Czechs can legally purchase and drink alcohol when they turn 18.
Almost all Czechs turn 18 while still in high school (senior year).
This of course means that graduation is celebrated with alcohol, even during the senior “prom”. In the Czech Republic, however, the “prom” is a huge official ballroom-esque event that is attended by suit-wearing and dress-wearing students, parents and teachers. The event does not take place in a decorated gym, but in a local building that is most suitable to host gala dances like this one. And yes, students who have already turned 18 do drink. A lot.
The “last bell ringing” is observed by seniors in May. It is the last “official” day of school before their study week after which they take their graduation exams.
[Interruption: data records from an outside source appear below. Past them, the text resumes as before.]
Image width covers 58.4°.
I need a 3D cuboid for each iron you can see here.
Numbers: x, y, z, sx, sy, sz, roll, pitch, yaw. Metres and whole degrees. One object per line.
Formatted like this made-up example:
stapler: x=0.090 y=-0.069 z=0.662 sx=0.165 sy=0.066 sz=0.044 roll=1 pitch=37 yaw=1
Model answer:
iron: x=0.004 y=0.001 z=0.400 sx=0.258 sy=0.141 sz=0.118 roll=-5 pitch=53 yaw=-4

And the “last bell ringing” is celebrated in the streets. Students dress in funny costumes (“funny” means that male students dress up as nurses or prostitutes) and they collect money from pedestrians. This time, the money collected is of course used to purchase booze for “unofficial” party, where “drunk” is far from reality. Waaaaay too wasted would be more appropriate.
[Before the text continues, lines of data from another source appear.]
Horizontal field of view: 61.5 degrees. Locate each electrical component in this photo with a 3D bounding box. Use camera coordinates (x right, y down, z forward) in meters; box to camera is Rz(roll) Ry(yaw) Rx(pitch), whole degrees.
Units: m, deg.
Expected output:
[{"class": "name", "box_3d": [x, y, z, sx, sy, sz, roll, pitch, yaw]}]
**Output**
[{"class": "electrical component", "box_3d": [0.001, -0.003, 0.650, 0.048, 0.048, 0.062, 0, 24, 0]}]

I live in downtown Brno (two-minute walk from the main square) and I see them all the time. It takes three weeks (not all schools have the study week at the same time). You meet one group, you give them money. You meet two or three and you start considering it, depending on how inventive their costumes are. But it does get annoying real fast, especially since it is more than obvious that the young people are going to buy vodka with the money I give them.
Sorry guys, I just gave my last change/coins to a group around the corner is the “excuse” I have prepared.